# Pépin's Test

## Theorem

Let $F_n = 2^{2^n} + 1$ be a Fermat number.

Then $F_n$ is prime if and only if:

$3^{\paren {F_n - 1} / 2} \equiv -1 \pmod {F_n}$

## Proof

### Sufficient Condition

Let this congruence hold:

$3^{\paren {F_n - 1} / 2} \equiv -1 \pmod {F_n}$

Then:

$3^{F_n - 1} \equiv 1 \pmod {F_n}$

Thus the multiplicative order of $3$ modulo $F_n$ is a divisor of $F_n - 1 = 2^{2^n}$.

This is a power of $2$.

On the other hand, the multiplicative order of $3$ modulo $F_n$ is not a divisor of $\dfrac {F_n - 1} 2$.

Therefore it must be equal to $F_n - 1$.

In particular, there are at least $F_n - 1$ numbers below $F_n$ which are coprime to $F_n<$.

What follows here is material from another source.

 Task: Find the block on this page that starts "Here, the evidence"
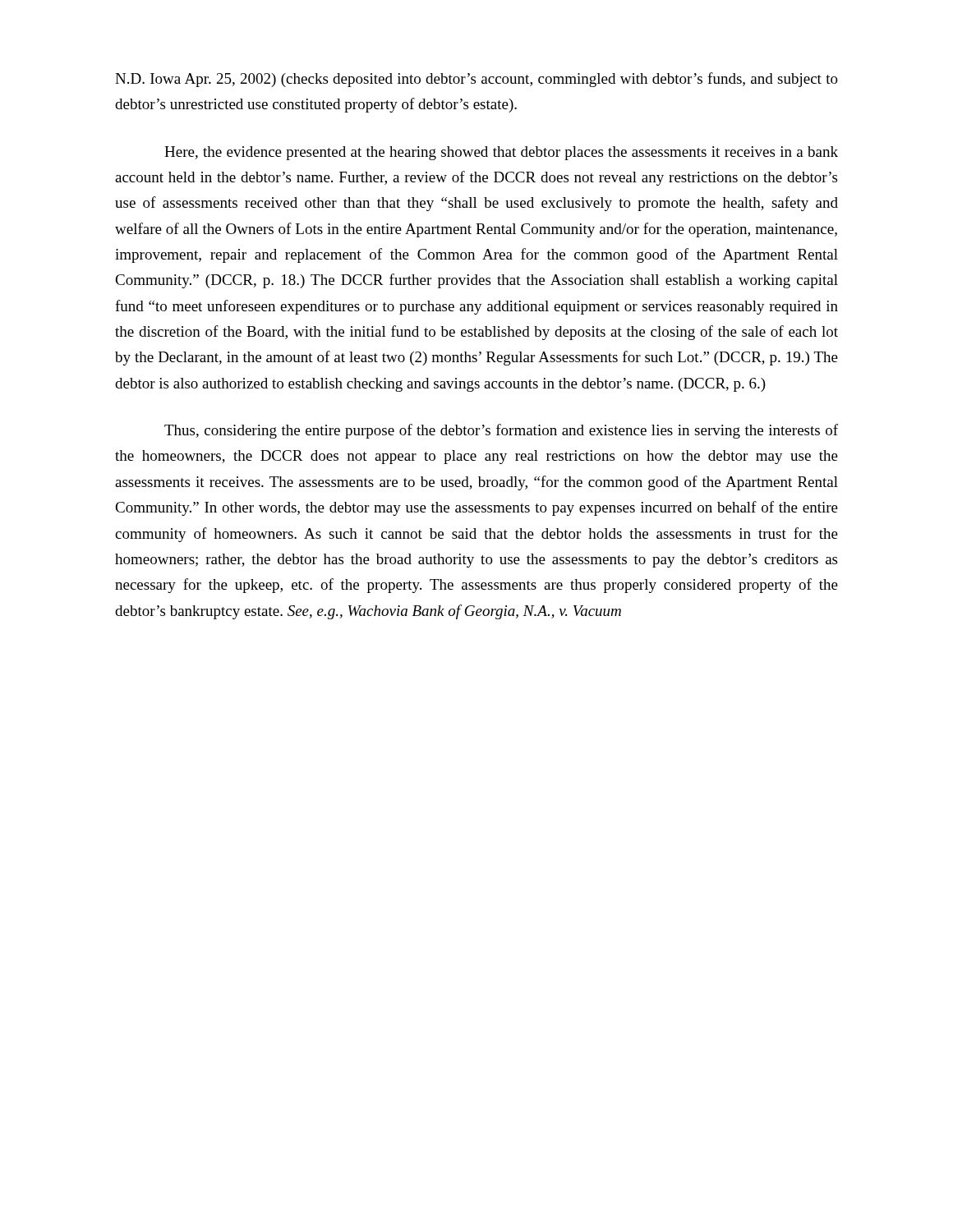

This can happen only if $F_n$ is prime.

$\Box$

### Necessary Condition

Let $F_n$ be prime.

$3^{\paren {F_n - 1} / 2} \equiv \paren {\dfrac 3 {F_n} } \pmod {F_n}$

$\left({\dfrac 3 {F_n} }\right)$ denotes the Legendre symbol.

By repeated squaring:

$2^{2^n} \equiv 1 \pmod 3$

Thus:

$F_n \equiv 2 \pmod 3$

and so:

$\paren {\dfrac {F_n} 3} = -1$

As $F_n \equiv 1 \pmod 4$, it follows from the Law of Quadratic Reciprocity that:

$\paren {\dfrac 3 {F_n} } = -1$

$\blacksquare$

## Source of Name

This entry was named for Jean François Théophile Pépin.